**Assigned task**. Apart from the pictures, every entry must be retyped exactly.

**Available records**.
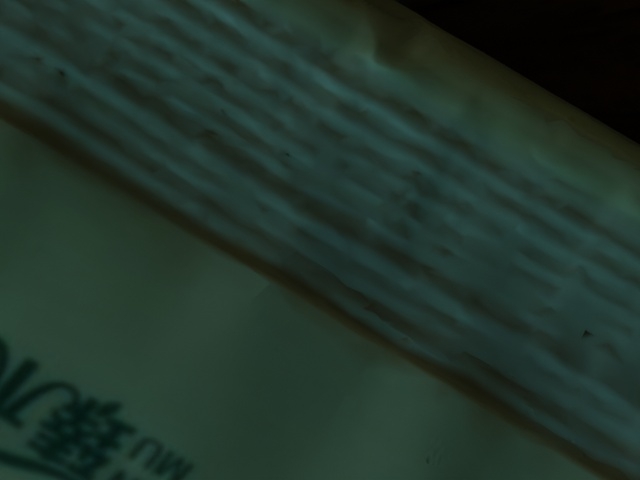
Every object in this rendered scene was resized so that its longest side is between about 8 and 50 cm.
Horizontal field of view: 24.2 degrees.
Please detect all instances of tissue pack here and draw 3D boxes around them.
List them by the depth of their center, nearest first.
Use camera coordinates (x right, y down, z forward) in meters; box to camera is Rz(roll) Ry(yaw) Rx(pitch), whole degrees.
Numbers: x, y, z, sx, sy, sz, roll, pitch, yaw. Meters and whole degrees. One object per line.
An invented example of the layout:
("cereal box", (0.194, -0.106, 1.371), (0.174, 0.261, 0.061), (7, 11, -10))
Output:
("tissue pack", (-0.041, 0.035, 0.488), (0.380, 0.207, 0.297), (30, 169, 6))

**Response**.
Every object in this rendered scene was resized so that its longest side is between about 8 and 50 cm.
Horizontal field of view: 24.2 degrees.
Please detect all instances of tissue pack here and draw 3D boxes around them.
List them by the depth of their center, nearest first.
Use camera coordinates (x right, y down, z forward) in meters; box to camera is Rz(roll) Ry(yaw) Rx(pitch), whole degrees.
Numbers: x, y, z, sx, sy, sz, roll, pitch, yaw. Meters and whole degrees. One object per line.
An invented example of the layout:
("cereal box", (0.194, -0.106, 1.371), (0.174, 0.261, 0.061), (7, 11, -10))
Output:
("tissue pack", (-0.041, 0.035, 0.488), (0.380, 0.207, 0.297), (30, 169, 6))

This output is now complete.